## Extracted material

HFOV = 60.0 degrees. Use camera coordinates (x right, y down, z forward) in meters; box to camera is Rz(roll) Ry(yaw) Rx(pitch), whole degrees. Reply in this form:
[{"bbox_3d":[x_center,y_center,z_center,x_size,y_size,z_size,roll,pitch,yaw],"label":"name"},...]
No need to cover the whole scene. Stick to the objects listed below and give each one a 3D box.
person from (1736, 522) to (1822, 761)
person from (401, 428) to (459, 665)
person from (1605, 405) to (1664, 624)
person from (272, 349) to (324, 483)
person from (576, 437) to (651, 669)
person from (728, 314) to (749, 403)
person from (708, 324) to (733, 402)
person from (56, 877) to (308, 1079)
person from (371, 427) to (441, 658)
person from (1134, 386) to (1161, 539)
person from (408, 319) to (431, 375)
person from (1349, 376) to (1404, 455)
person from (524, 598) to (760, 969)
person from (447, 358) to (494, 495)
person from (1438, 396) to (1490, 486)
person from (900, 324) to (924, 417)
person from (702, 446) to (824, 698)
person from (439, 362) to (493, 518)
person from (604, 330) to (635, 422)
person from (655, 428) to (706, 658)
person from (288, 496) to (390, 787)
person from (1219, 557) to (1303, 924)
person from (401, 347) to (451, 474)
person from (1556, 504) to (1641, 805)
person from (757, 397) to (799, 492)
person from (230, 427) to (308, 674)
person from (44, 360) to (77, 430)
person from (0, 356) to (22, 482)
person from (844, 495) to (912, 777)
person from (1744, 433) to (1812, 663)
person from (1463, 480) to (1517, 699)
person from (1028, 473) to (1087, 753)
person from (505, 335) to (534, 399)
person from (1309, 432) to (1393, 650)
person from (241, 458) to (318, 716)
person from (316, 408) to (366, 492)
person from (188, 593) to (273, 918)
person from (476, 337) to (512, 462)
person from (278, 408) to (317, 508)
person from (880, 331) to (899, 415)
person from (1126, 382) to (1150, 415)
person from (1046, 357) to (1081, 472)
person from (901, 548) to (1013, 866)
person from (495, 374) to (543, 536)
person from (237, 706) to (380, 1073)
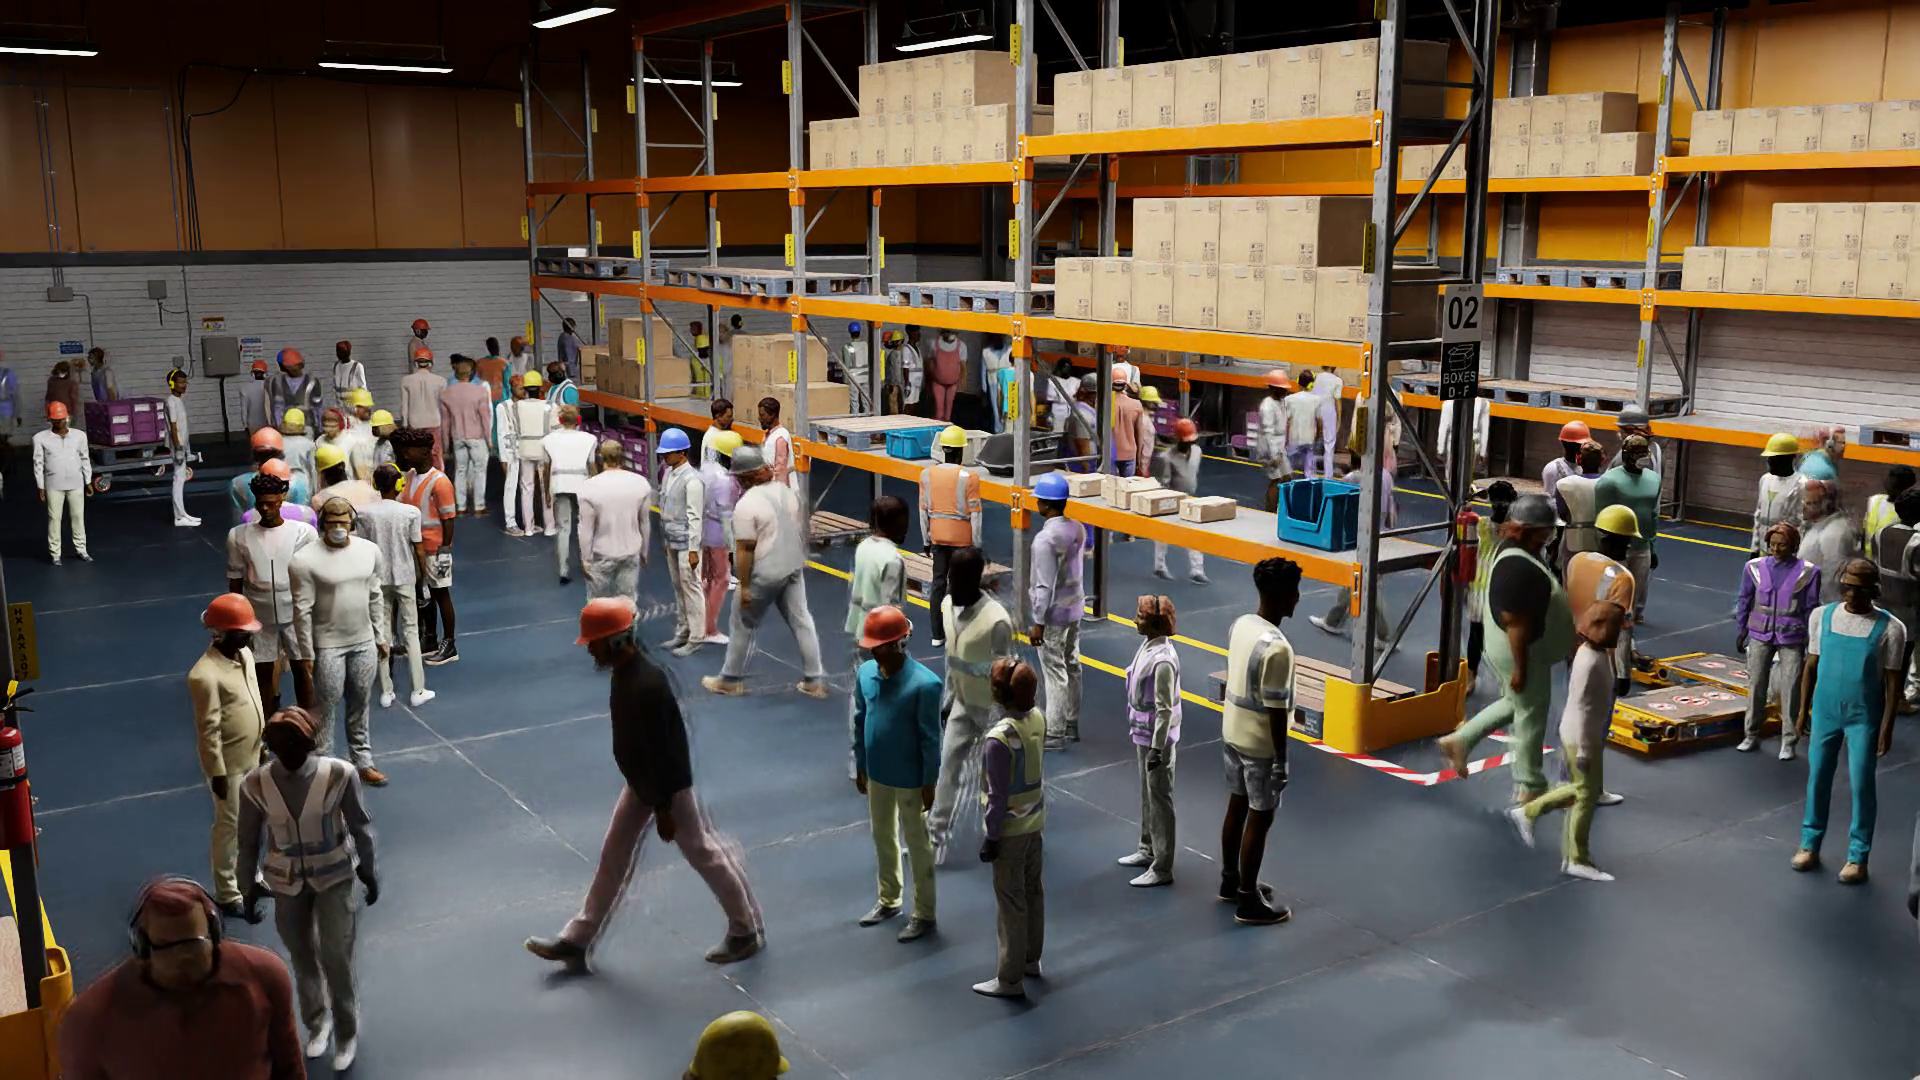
[{"bbox_3d":[5.599,0.682,11.416,0.524,1.631,0.319,9,14,37],"label":"person"},{"bbox_3d":[-4.415,0.050,13.784,0.614,1.964,0.361,10,15,41],"label":"person"},{"bbox_3d":[5.988,-0.216,14.958,0.536,2.000,0.687,11,15,44],"label":"person"},{"bbox_3d":[-8.681,-1.538,21.884,0.593,1.992,1.057,-1,11,-7],"label":"person"},{"bbox_3d":[-2.805,0.122,13.519,0.643,1.923,0.425,-6,13,-29],"label":"person"},{"bbox_3d":[-4.166,-3.284,31.111,0.514,1.866,0.332,0,11,2],"label":"person"},{"bbox_3d":[-4.059,-2.799,28.669,0.641,1.852,1.007,4,12,18],"label":"person"},{"bbox_3d":[-2.177,1.862,4.795,0.651,1.852,0.955,-7,13,-32],"label":"person"},{"bbox_3d":[-4.663,0.013,14.012,0.379,1.958,0.600,7,13,30],"label":"person"},{"bbox_3d":[2.130,-0.903,19.191,0.336,1.764,0.532,2,11,12],"label":"person"},{"bbox_3d":[-9.033,-2.715,27.899,0.406,1.986,0.612,0,11,0],"label":"person"},{"bbox_3d":[5.162,-1.231,20.675,0.631,1.842,0.429,-3,11,-13],"label":"person"},{"bbox_3d":[-1.547,1.200,8.139,1.177,1.877,0.630,-5,12,-26],"label":"person"},{"bbox_3d":[-6.603,-1.544,22.385,0.642,1.797,0.908,-1,11,-5],"label":"person"},{"bbox_3d":[6.023,-1.082,19.856,0.592,1.863,0.761,0,11,1],"label":"person"},{"bbox_3d":[-0.777,-2.571,27.207,0.361,1.963,0.629,3,11,15],"label":"person"},{"bbox_3d":[-1.492,0.212,12.769,0.898,2.000,0.717,8,13,34],"label":"person"},{"bbox_3d":[-6.066,-1.218,20.396,0.656,1.917,0.449,1,11,8],"label":"person"},{"bbox_3d":[-6.186,-3.010,29.851,0.728,1.802,0.616,-1,11,-5],"label":"person"},{"bbox_3d":[-2.348,0.018,14.036,0.412,1.939,0.604,-7,13,-31],"label":"person"},{"bbox_3d":[-3.957,0.673,10.678,0.375,1.936,0.628,9,14,38],"label":"person"},{"bbox_3d":[1.584,1.044,8.743,0.389,1.958,0.599,-3,11,-13],"label":"person"},{"bbox_3d":[-7.007,-1.532,21.851,0.637,1.986,0.414,-3,11,-14],"label":"person"},{"bbox_3d":[4.036,0.721,10.491,0.401,1.917,0.592,-3,11,-14],"label":"person"},{"bbox_3d":[-1.831,-0.478,16.655,0.410,1.908,0.598,-3,12,-17],"label":"person"},{"bbox_3d":[-5.510,0.108,13.354,0.607,2.028,0.510,0,11,0],"label":"person"},{"bbox_3d":[-13.147,-1.821,24.278,0.559,1.603,0.420,3,11,16],"label":"person"},{"bbox_3d":[-13.400,-1.744,23.107,0.580,1.910,0.577,0,11,-1],"label":"person"},{"bbox_3d":[-0.427,0.632,10.965,0.650,1.896,0.613,-6,13,-28],"label":"person"},{"bbox_3d":[6.815,0.062,13.854,0.401,1.919,0.594,-3,11,-14],"label":"person"},{"bbox_3d":[4.112,0.380,12.786,0.535,1.700,0.318,5,12,23],"label":"person"},{"bbox_3d":[0.659,0.500,11.527,0.396,1.949,0.602,6,13,28],"label":"person"},{"bbox_3d":[-6.884,-2.354,26.438,0.596,1.843,0.943,4,12,19],"label":"person"},{"bbox_3d":[3.439,-0.020,14.377,0.608,1.871,0.983,-9,14,-39],"label":"person"},{"bbox_3d":[-5.027,0.356,12.343,0.548,1.924,0.387,-8,14,-37],"label":"person"},{"bbox_3d":[-6.242,-0.465,16.906,0.585,1.787,0.951,7,13,31],"label":"person"},{"bbox_3d":[-3.829,1.132,8.829,0.355,1.742,0.574,0,11,1],"label":"person"},{"bbox_3d":[-6.930,-2.095,24.942,0.625,1.895,0.487,4,12,18],"label":"person"},{"bbox_3d":[-6.916,-0.506,17.292,0.493,1.720,0.414,-3,11,-13],"label":"person"},{"bbox_3d":[-1.181,-2.692,28.417,0.354,1.737,0.573,-1,11,-4],"label":"person"},{"bbox_3d":[2.202,-1.170,20.901,0.314,1.631,0.519,-6,12,-27],"label":"person"},{"bbox_3d":[1.502,-1.818,24.080,0.534,1.684,0.407,-3,12,-16],"label":"person"},{"bbox_3d":[0.060,0.955,9.419,0.960,1.859,0.606,-8,14,-35],"label":"person"},{"bbox_3d":[-5.122,-0.987,19.328,0.347,1.879,0.579,8,13,34],"label":"person"},{"bbox_3d":[-2.815,1.505,7.187,0.560,1.622,0.549,-2,11,-9],"label":"person"}]

## Action item
An exact copy of all entries is needed, with no pictures in it.

## Exercise response
HFOV = 60.0 degrees. Use camera coordinates (x right, y down, z forward) in meters; box to camera is Rz(roll) Ry(yaw) Rx(pitch), whole degrees. Reply in this form:
[{"bbox_3d":[x_center,y_center,z_center,x_size,y_size,z_size,roll,pitch,yaw],"label":"name"},...]
No need to cover the whole scene. Stick to the objects listed below and give each one a 3D box.
person from (1736, 522) to (1822, 761)
person from (401, 428) to (459, 665)
person from (1605, 405) to (1664, 624)
person from (272, 349) to (324, 483)
person from (576, 437) to (651, 669)
person from (728, 314) to (749, 403)
person from (708, 324) to (733, 402)
person from (56, 877) to (308, 1079)
person from (371, 427) to (441, 658)
person from (1134, 386) to (1161, 539)
person from (408, 319) to (431, 375)
person from (1349, 376) to (1404, 455)
person from (524, 598) to (760, 969)
person from (447, 358) to (494, 495)
person from (1438, 396) to (1490, 486)
person from (900, 324) to (924, 417)
person from (702, 446) to (824, 698)
person from (439, 362) to (493, 518)
person from (604, 330) to (635, 422)
person from (655, 428) to (706, 658)
person from (288, 496) to (390, 787)
person from (1219, 557) to (1303, 924)
person from (401, 347) to (451, 474)
person from (1556, 504) to (1641, 805)
person from (757, 397) to (799, 492)
person from (230, 427) to (308, 674)
person from (44, 360) to (77, 430)
person from (0, 356) to (22, 482)
person from (844, 495) to (912, 777)
person from (1744, 433) to (1812, 663)
person from (1463, 480) to (1517, 699)
person from (1028, 473) to (1087, 753)
person from (505, 335) to (534, 399)
person from (1309, 432) to (1393, 650)
person from (241, 458) to (318, 716)
person from (316, 408) to (366, 492)
person from (188, 593) to (273, 918)
person from (476, 337) to (512, 462)
person from (278, 408) to (317, 508)
person from (880, 331) to (899, 415)
person from (1126, 382) to (1150, 415)
person from (1046, 357) to (1081, 472)
person from (901, 548) to (1013, 866)
person from (495, 374) to (543, 536)
person from (237, 706) to (380, 1073)
[{"bbox_3d":[5.599,0.682,11.416,0.524,1.631,0.319,9,14,37],"label":"person"},{"bbox_3d":[-4.415,0.050,13.784,0.614,1.964,0.361,10,15,41],"label":"person"},{"bbox_3d":[5.988,-0.216,14.958,0.536,2.000,0.687,11,15,44],"label":"person"},{"bbox_3d":[-8.681,-1.538,21.884,0.593,1.992,1.057,-1,11,-7],"label":"person"},{"bbox_3d":[-2.805,0.122,13.519,0.643,1.923,0.425,-6,13,-29],"label":"person"},{"bbox_3d":[-4.166,-3.284,31.111,0.514,1.866,0.332,0,11,2],"label":"person"},{"bbox_3d":[-4.059,-2.799,28.669,0.641,1.852,1.007,4,12,18],"label":"person"},{"bbox_3d":[-2.177,1.862,4.795,0.651,1.852,0.955,-7,13,-32],"label":"person"},{"bbox_3d":[-4.663,0.013,14.012,0.379,1.958,0.600,7,13,30],"label":"person"},{"bbox_3d":[2.130,-0.903,19.191,0.336,1.764,0.532,2,11,12],"label":"person"},{"bbox_3d":[-9.033,-2.715,27.899,0.406,1.986,0.612,0,11,0],"label":"person"},{"bbox_3d":[5.162,-1.231,20.675,0.631,1.842,0.429,-3,11,-13],"label":"person"},{"bbox_3d":[-1.547,1.200,8.139,1.177,1.877,0.630,-5,12,-26],"label":"person"},{"bbox_3d":[-6.603,-1.544,22.385,0.642,1.797,0.908,-1,11,-5],"label":"person"},{"bbox_3d":[6.023,-1.082,19.856,0.592,1.863,0.761,0,11,1],"label":"person"},{"bbox_3d":[-0.777,-2.571,27.207,0.361,1.963,0.629,3,11,15],"label":"person"},{"bbox_3d":[-1.492,0.212,12.769,0.898,2.000,0.717,8,13,34],"label":"person"},{"bbox_3d":[-6.066,-1.218,20.396,0.656,1.917,0.449,1,11,8],"label":"person"},{"bbox_3d":[-6.186,-3.010,29.851,0.728,1.802,0.616,-1,11,-5],"label":"person"},{"bbox_3d":[-2.348,0.018,14.036,0.412,1.939,0.604,-7,13,-31],"label":"person"},{"bbox_3d":[-3.957,0.673,10.678,0.375,1.936,0.628,9,14,38],"label":"person"},{"bbox_3d":[1.584,1.044,8.743,0.389,1.958,0.599,-3,11,-13],"label":"person"},{"bbox_3d":[-7.007,-1.532,21.851,0.637,1.986,0.414,-3,11,-14],"label":"person"},{"bbox_3d":[4.036,0.721,10.491,0.401,1.917,0.592,-3,11,-14],"label":"person"},{"bbox_3d":[-1.831,-0.478,16.655,0.410,1.908,0.598,-3,12,-17],"label":"person"},{"bbox_3d":[-5.510,0.108,13.354,0.607,2.028,0.510,0,11,0],"label":"person"},{"bbox_3d":[-13.147,-1.821,24.278,0.559,1.603,0.420,3,11,16],"label":"person"},{"bbox_3d":[-13.400,-1.744,23.107,0.580,1.910,0.577,0,11,-1],"label":"person"},{"bbox_3d":[-0.427,0.632,10.965,0.650,1.896,0.613,-6,13,-28],"label":"person"},{"bbox_3d":[6.815,0.062,13.854,0.401,1.919,0.594,-3,11,-14],"label":"person"},{"bbox_3d":[4.112,0.380,12.786,0.535,1.700,0.318,5,12,23],"label":"person"},{"bbox_3d":[0.659,0.500,11.527,0.396,1.949,0.602,6,13,28],"label":"person"},{"bbox_3d":[-6.884,-2.354,26.438,0.596,1.843,0.943,4,12,19],"label":"person"},{"bbox_3d":[3.439,-0.020,14.377,0.608,1.871,0.983,-9,14,-39],"label":"person"},{"bbox_3d":[-5.027,0.356,12.343,0.548,1.924,0.387,-8,14,-37],"label":"person"},{"bbox_3d":[-6.242,-0.465,16.906,0.585,1.787,0.951,7,13,31],"label":"person"},{"bbox_3d":[-3.829,1.132,8.829,0.355,1.742,0.574,0,11,1],"label":"person"},{"bbox_3d":[-6.930,-2.095,24.942,0.625,1.895,0.487,4,12,18],"label":"person"},{"bbox_3d":[-6.916,-0.506,17.292,0.493,1.720,0.414,-3,11,-13],"label":"person"},{"bbox_3d":[-1.181,-2.692,28.417,0.354,1.737,0.573,-1,11,-4],"label":"person"},{"bbox_3d":[2.202,-1.170,20.901,0.314,1.631,0.519,-6,12,-27],"label":"person"},{"bbox_3d":[1.502,-1.818,24.080,0.534,1.684,0.407,-3,12,-16],"label":"person"},{"bbox_3d":[0.060,0.955,9.419,0.960,1.859,0.606,-8,14,-35],"label":"person"},{"bbox_3d":[-5.122,-0.987,19.328,0.347,1.879,0.579,8,13,34],"label":"person"},{"bbox_3d":[-2.815,1.505,7.187,0.560,1.622,0.549,-2,11,-9],"label":"person"}]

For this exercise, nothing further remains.